Graph-theoretic methods have long been used for studying the convergence properties of random walks on a graph, for analyzing synchronization and clustering phenomena in physical systems, and for algorithms in distributed computing, formation control, and networked control systems; we refer the reader to the monographies by Bullo, Cortés and Martínez (2009) and Meshbahi and Egerstedt  (2010) for extensive background material and further references. Boyd, Diaconis and Xiao (2004) developed linear matrix inequalities characterizing the fastest Markov chain on a graph, while Xiao and Boyd (2004) studied linear iterations for distributed averaging and consensus in networks. Ottaviani and Sturmfels (2013) studied the problem of finding weights in a complete graph such that the associated Markov chain has a stationary probability distribution that is contained in a specified linear subspace. This problem is equivalent to characterizing the Laplacian matrices A of a graph such that the pair (C, A) is not observable. This problem seems widely open, but in a special situation (complete graph; weights are complex numbers), Ottaviani and Sturmfels (2013) successfully computed the degree of the variety of unobservable pairs.

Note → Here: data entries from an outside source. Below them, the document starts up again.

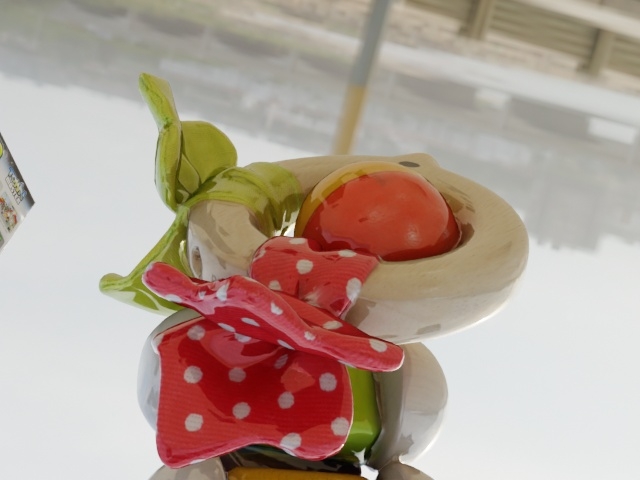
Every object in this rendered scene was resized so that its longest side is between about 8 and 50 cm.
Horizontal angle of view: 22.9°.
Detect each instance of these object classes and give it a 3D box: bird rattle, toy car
[{"bbox_3d":[0.000,0.000,0.745,0.207,0.143,0.253,-9,-162,-19],"label":"bird rattle"},{"bbox_3d":[-0.021,0.125,0.815,0.159,0.182,0.136,7,148,-16],"label":"toy car"}]

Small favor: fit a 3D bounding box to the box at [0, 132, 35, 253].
[{"bbox_3d":[-0.358,-0.081,1.560,0.036,0.207,0.114,-1,-141,24],"label":"box"}]
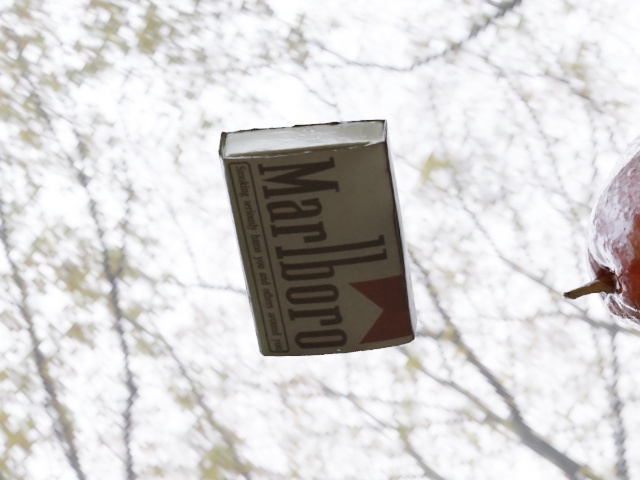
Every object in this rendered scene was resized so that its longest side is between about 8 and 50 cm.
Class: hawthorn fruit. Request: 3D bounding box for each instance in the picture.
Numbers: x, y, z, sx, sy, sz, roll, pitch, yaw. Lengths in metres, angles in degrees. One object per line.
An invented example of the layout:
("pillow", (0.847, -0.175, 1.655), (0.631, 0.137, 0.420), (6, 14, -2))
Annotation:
("hawthorn fruit", (0.300, 0.000, 1.645), (0.225, 0.196, 0.196), (-29, -61, -15))

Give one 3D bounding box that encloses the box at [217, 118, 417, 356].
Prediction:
("box", (0.000, 0.000, 1.328), (0.115, 0.036, 0.177), (-6, -53, 6))
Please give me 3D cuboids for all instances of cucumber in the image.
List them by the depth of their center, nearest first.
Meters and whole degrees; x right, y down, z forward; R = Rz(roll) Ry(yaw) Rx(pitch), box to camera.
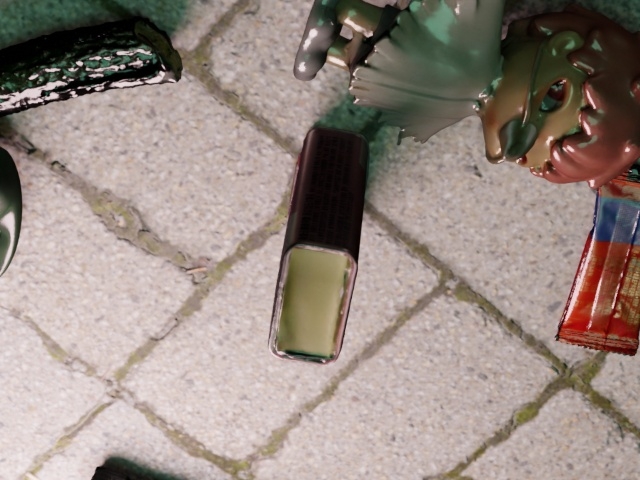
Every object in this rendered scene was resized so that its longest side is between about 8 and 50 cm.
[{"bbox_3d":[-0.247,-0.149,1.251,0.245,0.067,0.067,-11,118,11],"label":"cucumber"}]

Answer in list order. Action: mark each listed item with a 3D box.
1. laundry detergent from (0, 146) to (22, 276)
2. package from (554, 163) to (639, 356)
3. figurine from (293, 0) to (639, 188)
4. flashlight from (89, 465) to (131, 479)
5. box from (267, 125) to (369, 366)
[{"bbox_3d":[-0.355,-0.001,1.323,0.144,0.078,0.222,11,133,-6],"label":"laundry detergent"},{"bbox_3d":[0.283,0.019,1.330,0.083,0.022,0.200,9,118,-2],"label":"package"},{"bbox_3d":[0.172,-0.122,1.180,0.387,0.166,0.207,20,136,-4],"label":"figurine"},{"bbox_3d":[-0.142,0.303,1.490,0.232,0.093,0.093,22,119,-2],"label":"flashlight"},{"bbox_3d":[0.000,0.000,1.225,0.069,0.224,0.120,11,118,-1],"label":"box"}]

The literature on formation shape control via distances and graph concepts includes early work by Olfati-Saber, Fax and Murray (2007) and Doerfler and Francis (2010). For characterizations of rigid graphs see Asimov and Roth (1978) and Connelly (1993). References on Euclidean distance geometry and applications include Crippen and Havel (1988), Dress and Havel (1993), and Blumenthal (1953). The nonpositivity condition (8.10) for the Cayley–Menger determinants yields a simple determinantal condition that is necessary for a nonnegative symmetric matrix A with zero diagonal entries to be a Euclidean distance matrix. Blumenthal (1953), Chapter IV, p. 105, has shown that every such matrix A is a Euclidean distance matrix if and only if the Cayley–Menger determinants for all k × k principal submatrices of A are nonpositive, \(k = 1,\ldots,N\). The conditions of parts (d) and (e) in Theorem 8.29 are due to Gower (1985) and Schoenberg (1935), respectively.

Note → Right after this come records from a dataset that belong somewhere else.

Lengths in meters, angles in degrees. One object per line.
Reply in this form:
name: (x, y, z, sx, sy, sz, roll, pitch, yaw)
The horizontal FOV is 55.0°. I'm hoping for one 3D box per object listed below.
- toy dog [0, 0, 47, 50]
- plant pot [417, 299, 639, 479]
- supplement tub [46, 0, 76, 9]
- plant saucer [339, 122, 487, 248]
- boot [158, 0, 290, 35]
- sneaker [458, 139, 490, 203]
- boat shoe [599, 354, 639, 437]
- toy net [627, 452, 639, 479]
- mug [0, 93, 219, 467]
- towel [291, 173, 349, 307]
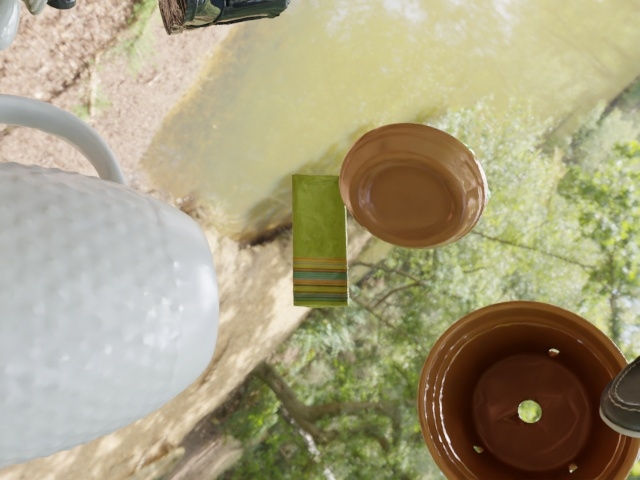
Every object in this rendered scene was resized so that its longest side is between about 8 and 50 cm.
toy dog: (-0.549, -0.505, 1.010, 0.161, 0.333, 0.220, 15, 156, -42)
plant pot: (0.307, 0.250, 0.917, 0.291, 0.291, 0.203, -43, 154, 3)
supplement tub: (-0.526, -0.571, 1.245, 0.106, 0.106, 0.198, -34, 166, -38)
plant saucer: (0.118, -0.061, 0.816, 0.200, 0.200, 0.037, -54, -172, 44)
boot: (-0.146, -0.402, 0.989, 0.207, 0.094, 0.246, -19, -169, -16)
sneaker: (0.275, -0.144, 1.500, 0.185, 0.202, 0.483, -56, 156, 1)
boat shoe: (0.468, 0.123, 0.694, 0.336, 0.095, 0.112, -15, -159, -7)
toy net: (0.458, 0.349, 0.913, 0.122, 0.045, 0.232, -52, -168, 31)
mug: (-0.288, 0.020, 0.584, 0.328, 0.373, 0.276, -2, 154, -31)
towel: (0.000, 0.000, 1.087, 0.102, 0.237, 0.021, 1, 174, -16)

A reference for the proof of Theorem 8.45 and related material is Grenander and Szegö (1958). The spectral properties of circulant matrices are well studied. An important fact is that the set of all circulant matrices is simultaneously diagonalized by the Fourier matrix (8.25). Further information on circulant matrices can be found in Davis (1979) and the recent survey by Kra and Simanca (2012). For a statement and proof of the Courant–Fischer minimax principle, see Horn and Johnson (1990). A generalization is Wielandt’s minimax theorem on partial sums of eigenvalues. The eigenvalue inequalities appearing in Theorem 8.57 are the simplest of a whole series of eigenvalue inequalities, which can be derived from eigenvalue inequalities on sums of Hermitian matrices. For a derivation of such eigenvalue inequalities via Schubert calculus on Grassmann manifolds, see Helmke and Rosenthal (1995). The full set of eigenvalue inequalities for sums of Hermitian matrices has been characterized by Klyachko; his work is nicely summarized by Fulton (2000). Such results should be useful in deriving sharp eigenvalue bounds for the Schur complement of Laplacian matrices.